Developing an annual building volume dataset at 1-km resolution from 2001 to 2019 in China

Wenting Yan,Jianping Wu,Chaoqun Zhang,Xiuzhi Chen,Jiashun Ren,Zhenzhen Xiao,Ziyin Liao,Raffaele Lafortezza,Xueyan Li,Yongxian Su,Wenting YanJianping WuChaoqun ZhangXiuzhi ChenJiashun RenZhenzhen XiaoZiyin LiaoRaffaele LafortezzaXueyan LiYongxian Sua Guangdong Province Data Center of Terrestrial and Marine Ecosystems Carbon Cycle,School of Atmospheric Sciences,Sun Yat-sen University (Zhuhai),Zhuhai,People's Republic of Chinab Guangdong Provincial Key Lab of Remote Sensing and Geographical Information System,Guangdong Open Laboratory of Geospatial Information Technology and Application,Guangzhou Institute of Geography,Guangdong Academy of Sciences,Guangzhou,People's Republic of Chinac Department of Agricultural and Environmental Sciences,University of Bari 'A. Moro',Bari,Italy
DOI: https://doi.org/10.1080/17538947.2024.2330690
IF: 4.606
2024-03-25
International Journal of Digital Earth
Abstract:Urban vertical features are crucial for understanding urban morphology. However, long-term information on three-dimensional buildings, which are important fundamental data for studying on the historical urbanization processes, remains scarce in China. In this study, we proposed a Random Forest model to generate an annual 1-km resolution building volume dataset covering mainland China from 2001 to 2019, by integrating the nighttime light data, population demographics, electricity consumption records, carbon dioxide emissions data, and various optical and statistical datasets. This new building volume data are highly consistent with that derived from Baidu Maps on 1-km scale, with Pearson's correlation coefficient (R) of 0.847, root mean square error (RMSE) of 9.17 × 10 5 m 3 /km 2 and mean absolute error (MAE) of 5.86 × 10 5 m 3 /km 2 . Notably, cross-validation indicate that the blooming problem was greatly improved when compared with previous model-based building three-dimensional data. The proposed method holds significant advantages, benefiting form low-cost implementation based on free open-source data and providing extendable algorithm to estimate the 3D shape of cities in the future. The time-series historical building volume data offer comprehensive insights into the historical development of urban structures, and provide valuable fundmental data for future urban planning, urban climate models and land use projections.

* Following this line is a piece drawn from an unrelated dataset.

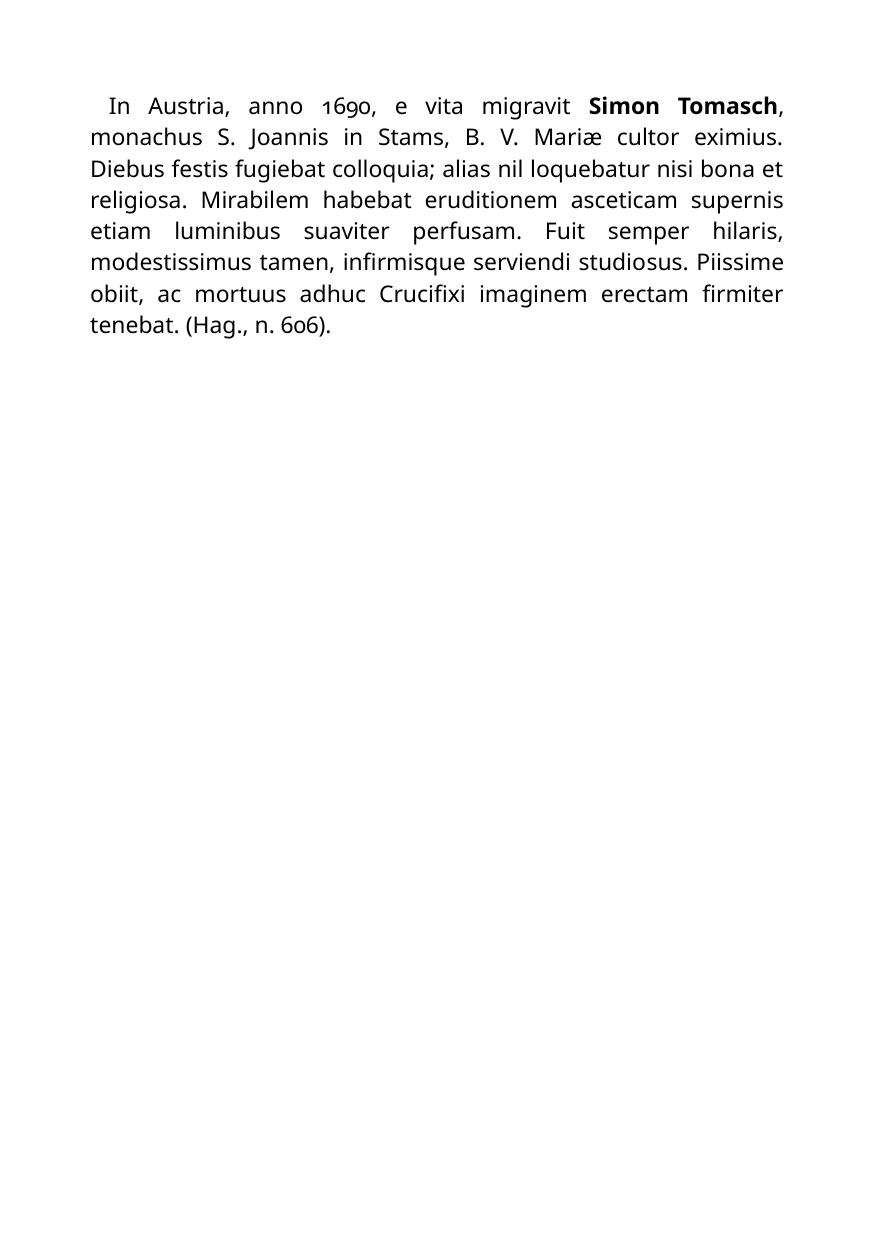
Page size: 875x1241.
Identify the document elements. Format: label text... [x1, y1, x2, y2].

text In Austria, anno 1690, e vita migravit Simon Tomasch, monachus S. Joannis in Stams, B. V. Mariæ cultor eximius. Diebus festis fugiebat colloquia; alias nil loquebatur nisi bona et religiosa. Mirabilem habebat eruditionem asceticam supernis etiam luminibus suaviter perfusam. Fuit semper hilaris, modestissimus tamen, infirmisque serviendi studio­sus. Piissime obiit, ac mortuus adhuc Crucifixi imaginem erectam firmiter tenebat. (Hag., n. 606). [90, 90, 784, 340]

geography, physical,remote sensing
What problem does this paper attempt to address?
### Problems the Paper Aims to Solve This paper aims to address the lack of long-term historical data on the 3D features of Chinese cities, particularly building volumes. Specifically, the research goal is to rapidly and automatically generate an annual building volume dataset (including both horizontal and vertical features) covering all cities in mainland China from 2001 to 2019, based on free and open-source data. The researchers combined building volume data for 75 cities in 2019 provided by Baidu Maps with 17 other environmental covariate datasets (covering 2001 to 2019) and used a random forest machine learning model to generate this dataset. #### Main Contributions: 1. **Dataset Coverage**: Generated an annual building volume dataset with 1-kilometer resolution from 2001 to 2019. 2. **Methodological Innovation**: Employed a random forest model, integrating various environmental variable data to generate large-scale 3D urban data at a low cost. 3. **Data Reliability Verification**: Verified the accuracy of the generated dataset by comparing it with Baidu Maps data. 4. **Application Value**: Provided essential foundational data for future urban planning, urban climate models, and land use predictions. #### Specific Implementation Steps: 1. **Data Collection and Preprocessing**: Collected building vector data from Baidu Maps and various environmental covariate data, and resampled them uniformly to a 1-kilometer resolution. 2. **Model Construction**: Used a random forest model, with Baidu Maps data as the dependent variable and environmental covariate data as the independent variables to build the model. 3. **Result Evaluation**: Assessed the accuracy of the generated dataset through cross-validation methods. 4. **Data Analysis**: Conducted spatiotemporal characteristic analysis on the generated dataset. In summary, this paper fills the historical gap in 3D feature data of Chinese cities through innovative methods, providing crucial foundational data support for urban science research.